Sales of our shares could cause our stock price to fall.

     Sales of a substantial number of shares of common stock in the public
market could adversely affect the market price of our common stock prevailing
from time to time.  All shares of our common stock, including shares held by U-C
Holdings, are freely tradable without restriction, or may be sold pursuant to
Rule 144 under the Securities Act.  The sale of the shares of our common stock
acquired by U-C Holdings are subject to certain limitations set forth in Rule
144 under the Securities Act.  As of December 31, 1998, options to purchase
652,878 shares and warrants to purchase 2,081,258 shares of our common stock
were outstanding, of which options to purchase 464,190 shares and warrants to
purchase 2,081,258 shares were exercisable.

There are several risks associated with our acquisition strategy.

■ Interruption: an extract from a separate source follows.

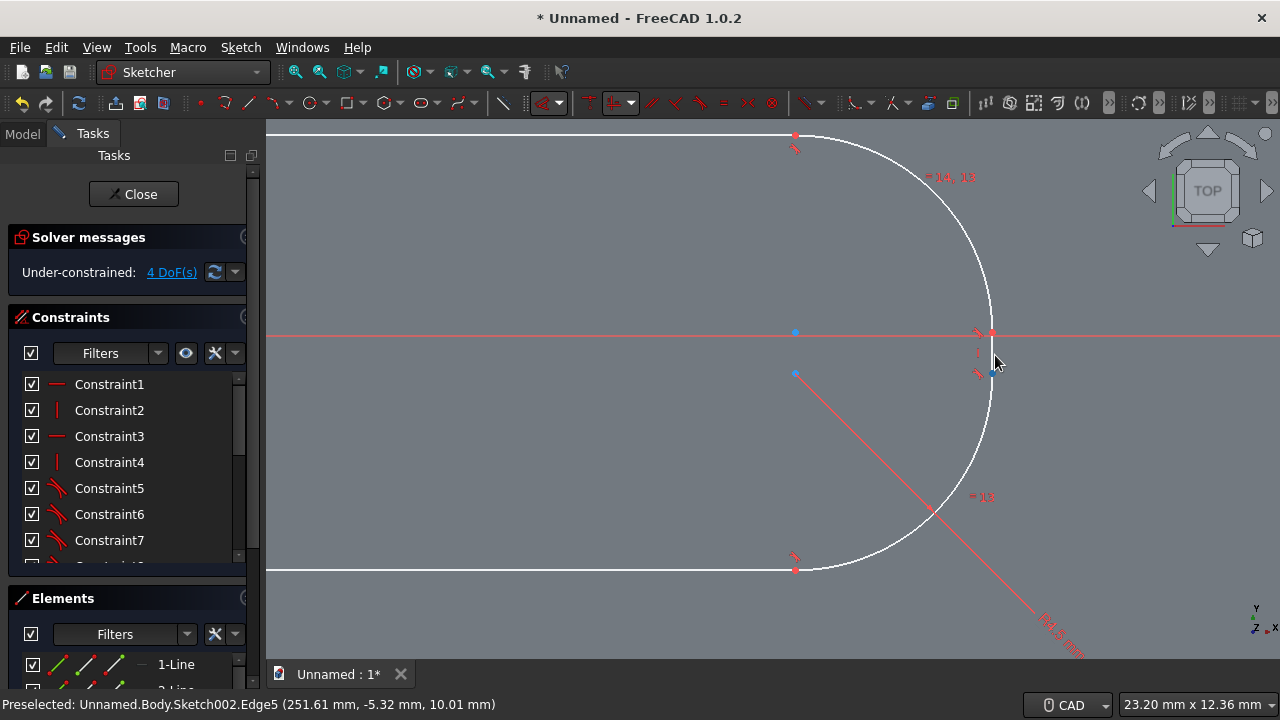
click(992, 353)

     We may seek to expand or complement our operations through the possible
acquisition of companies or licensing of programs that we believe are compatible
with our business.  While we explore acquisition opportunities from time to
time, as of the date of this report, we have no definitive plans, agreements,
commitments, arrangements or understandings with respect to any significant
acquisition.  We have not established any minimum criteria for any acquisition,
and our management and Board of Directors will have complete discretion in
determining the terms of any such acquisition.  We cannot assure that we will be
able to ultimately effect any acquisition or successfully integrate into our
operations any business that we may acquire.  Under Delaware law, various forms
of business combinations can be effected without stockholder approval and,
accordingly, stockholders will, in all likelihood, neither receive nor otherwise
have the opportunity to evaluate any financial or other information which may be
made available to us in connection with any acquisition and must rely entirely
upon the ability of management in selecting, structuring and consummating
acquisitions that are consistent with our business objectives.

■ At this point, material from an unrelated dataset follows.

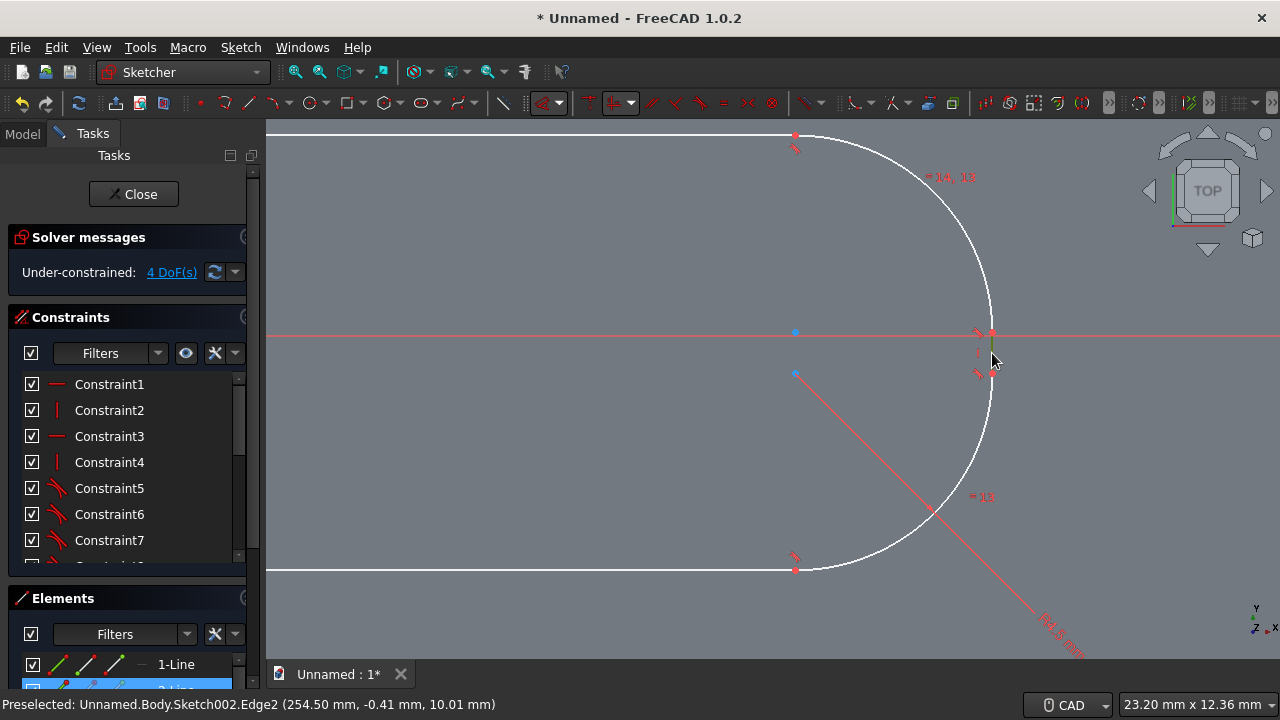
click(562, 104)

Year 2000 risks may result in material adverse effects on our business.

     Many currently-installed computer systems and software products are coded
to accept only two-digit entries in the date code field.  Beginning in the Year
2000, these date code fields will need to accept four-digit entries to
distinguish 21st century dates from 20th century dates.  As a result, over the
next nine months, computer systems and/or software used by many companies will
need to be upgraded to comply with such "Year 2000" requirements.  Because we
are dependent on vendor compliance, our ability to assure Year 2000 compliance
is limited.  We have required certain of our computer system and software
vendors to represent that the services and products provided are, or will be,
Year 2000 compliant.

Our ability to issue preferred stock may inhibit a takeover of our company.

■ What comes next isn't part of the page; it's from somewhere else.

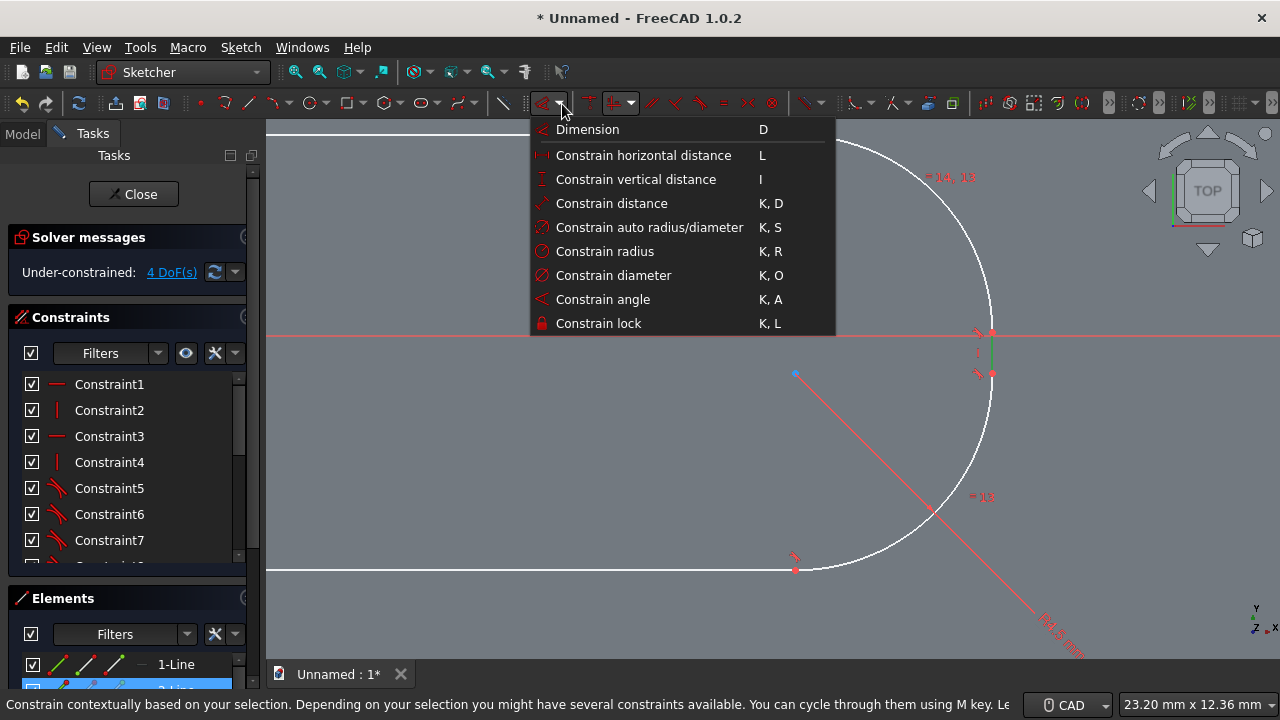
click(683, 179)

     Our Board of Directors has the authority to issue up to 2,000,000 shares of
preferred stock and to fix the rights, preferences, privileges and restrictions,
including voting rights, of the preferred stock without further vote or action
by our stockholders.  The rights of the holders of our common stock will be
subject to, and may be adversely affected by, the rights of the holders of a
preferred stock that may be issued in the future.  While we have no present
intention to issue shares of preferred stock, such issuance, while providing
desired flexibility in connection with possible acquisitions and other corporate
purposes, could have the effect of making it more difficult for a third party to
acquire a majority of our outstanding voting stock.